Uitspraak
1.Geding in cassatie
2.Beoordeling van het middel
3.Beslissing
10 juli 2018.
Hoge Raad
In deze zaak gaat het om een beroep in cassatie tegen een arrest van het Gerechtshof Amsterdam, dat op 21 november 2016 werd gewezen. De verdachte, geboren in 1994, heeft beroep ingesteld tegen de uitspraak van het hof, waarin werd geoordeeld over de vraag of het roepen van scheldwoorden door een groep mensen, die na sluitingstijd een uitgaansgelegenheid verlaat, kan worden gekwalificeerd als een verstoring van de openbare orde volgens artikel 2.2.1 van de Algemene Plaatselijke Verordening (APV) 2008 van Amsterdam. De Hoge Raad heeft op 10 juli 2018 uitspraak gedaan in deze cassatiezaak, geregistreerd onder nummer 16/06114.

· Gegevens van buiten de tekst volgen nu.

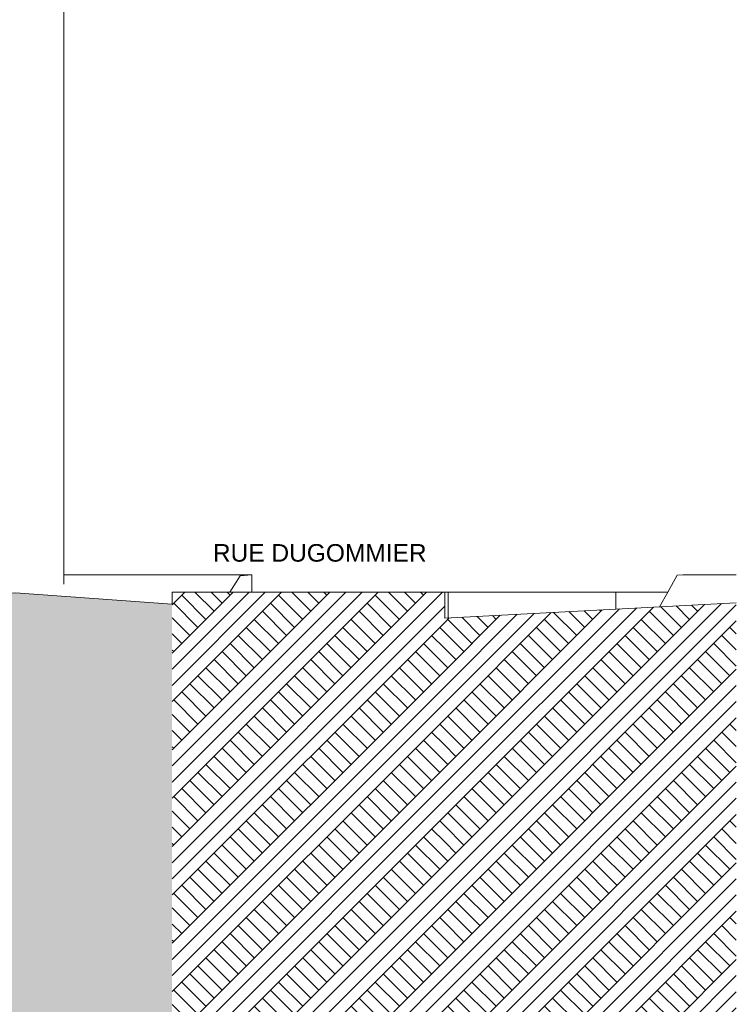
# Model space of a CAD drawing. Header units: millimetres. Extents: x 17009 to 157603, y -19950 to 21829.
# Tile 196 of 208: x 78493 to 86666, y -4850 to 6380. Entities that reach past the tile are written whole.
import ezdxf

# ---------------------------------------------------------------- set-up
doc = ezdxf.new("R2010")
doc.units = ezdxf.units.MM
doc.header["$MEASUREMENT"] = 0
for name, color, linetype in [('07-VRD_Cadastre.ARCHI', 7, 'Continuous'), ('07-VRD_Terrain EDL_Environnement.ARCHI', 7, 'Continuous'), ('07-VRD_Terrain_Batiments.ARCHI', 7, 'Continuous')]:
    doc.layers.add(name, color=color, linetype=linetype)
doc.styles.add('STYLE_GENERE_2', font='txt')
pattern_1 = [(45, (0, 0), (-275.7716, 275.7716), []), (45, (-91.9, 91.9), (-551.543, 551.543), []), (45, (-183.85, 183.85), (-551.543, 551.543), []), (135, (-275.77, 275.77), (91.92388, 91.92388), [390, -390])]

# ---------------------------------------------------------------- blocks, each defined once
blk = doc.blocks.new('Élément de coupe_90_1')
at = {"layer": '07-VRD_Terrain EDL_Environnement.ARCHI', "linetype": 'Continuous', "lineweight": 5}
h = blk.add_hatch(dxfattribs=at)
h.set_pattern_fill('Terre_0001', color=8, style=0, pattern_type=2)
h.set_pattern_definition(pattern_1)
h.paths.add_polyline_path([(25069, 12), (25069, -19950), (80232, -19950), (80232, -285), (78446, -157), (77545, -167), (77545, -4432), (76944, -4432), (76944, -3190), (30844, -3190), (30844, -4432), (30244, -4432), (30244, 153), (27671, 41)])
h = blk.add_hatch(dxfattribs=at)
h.set_pattern_fill('Terre_0001', color=8, style=0, pattern_type=2)
h.set_pattern_definition(pattern_1)
h.paths.add_polyline_path([(86666, -270), (83341, -446), (83341, -19950), (86666, -19950)])
at = {"layer": '07-VRD_Terrain EDL_Environnement.ARCHI', "color": 7, "linetype": 'Continuous', "lineweight": 5}
for p, q in [((81140, 50), (78997, 50)), ((80890, -150), (81008, 37)), ((81008, 37), (81140, 50)), ((81140, 50), (81140, -150)), ((85884, -150), (85991, 43)), ((85991, 43), (86058, 50)), ((86666, 50), (86058, 50)), ((85792, -316), (85884, -150)), ((86666, -270), (83341, -446))]:
    blk.add_line(p, q, dxfattribs=at)
at = {"layer": '07-VRD_Terrain EDL_Environnement.ARCHI', "color": 7, "linetype": 'Continuous', "lineweight": 5, "flags": 128}
blk.add_lwpolyline([(80232, -285), (78446, -157), (77545, -167)], dxfattribs=at)
blk = doc.blocks.new('Élément de coupe_113_1')
at = {"layer": '07-VRD_Terrain EDL_Environnement.ARCHI', "linetype": 'Continuous', "lineweight": 5}
h = blk.add_hatch(dxfattribs=at)
h.set_pattern_fill('Terre_0001', color=8, style=0, pattern_type=2)
h.set_pattern_definition(pattern_1)
h.paths.add_polyline_path([(83341, -150), (80232, -150), (80232, -19950), (83341, -19950)])
at = {"layer": '07-VRD_Terrain EDL_Environnement.ARCHI', "color": 7, "linetype": 'Continuous', "lineweight": 5}
for p, q in [((80232, -150), (80232, -285)), ((83341, -150), (80232, -150)), ((83341, -150), (83381, -150)), ((83341, -150), (83341, -446)), ((83381, -150), (85292, -150)), ((83381, -150), (83381, -444)), ((85292, -150), (85884, -150)), ((85292, -150), (85292, -343))]:
    blk.add_line(p, q, dxfattribs=at)
blk = doc.blocks.new('Élément de coupe_323_1')
at = {"layer": '07-VRD_Terrain_Batiments.ARCHI', "color": 7, "linetype": 'Continuous', "lineweight": 5}
blk.add_line((78997, -60), (78997, 14851), dxfattribs=at)

msp = doc.modelspace()

# ---------------------------------------------------------------- block references
at = {"layer": '07-VRD_Terrain EDL_Environnement.ARCHI', "lineweight": 0}
for name in ['Élément de coupe_90_1', 'Élément de coupe_113_1']:
    msp.add_blockref(name, (0, 0), dxfattribs=at)
at = {"layer": '07-VRD_Terrain_Batiments.ARCHI', "lineweight": 0}
msp.add_blockref('Élément de coupe_323_1', (0, 0), dxfattribs=at)

# ---------------------------------------------------------------- texts
at = {"layer": '07-VRD_Cadastre.ARCHI', "color": 7, "linetype": 'Continuous', "lineweight": 5, "insert": (81915.452, 196.006), "char_height": 200, "attachment_point": 8, "style": 'STYLE_GENERE_2'}
msp.add_mtext('\\A1;{\\pqc;\\fHelvetica|b0|i0|c0|p0;\\W1.000000;RUE DUGOMMIER}', dxfattribs=at)

doc.saveas('drawing.dxf')

De advocaat van de verdachte, M.E. van der Werf, heeft een middel van cassatie voorgesteld, waarop de Advocaat-Generaal G. Knigge heeft geconcludeerd tot verwerping van het beroep. De Hoge Raad heeft het middel beoordeeld en geconcludeerd dat het niet tot cassatie kan leiden. De Hoge Raad oordeelt dat er geen nadere motivering nodig is, omdat het middel niet leidt tot beantwoording van rechtsvragen die van belang zijn voor de rechtseenheid of de rechtsontwikkeling.
Uiteindelijk heeft de Hoge Raad het beroep verworpen, waarmee de beslissing van het Gerechtshof Amsterdam in stand blijft. Dit arrest is gewezen door de vice-president J. de Hullu als voorzitter, samen met de raadsheren E.S.G.N.A.I. van de Griend en M.J. Borgers, en is uitgesproken ter openbare terechtzitting.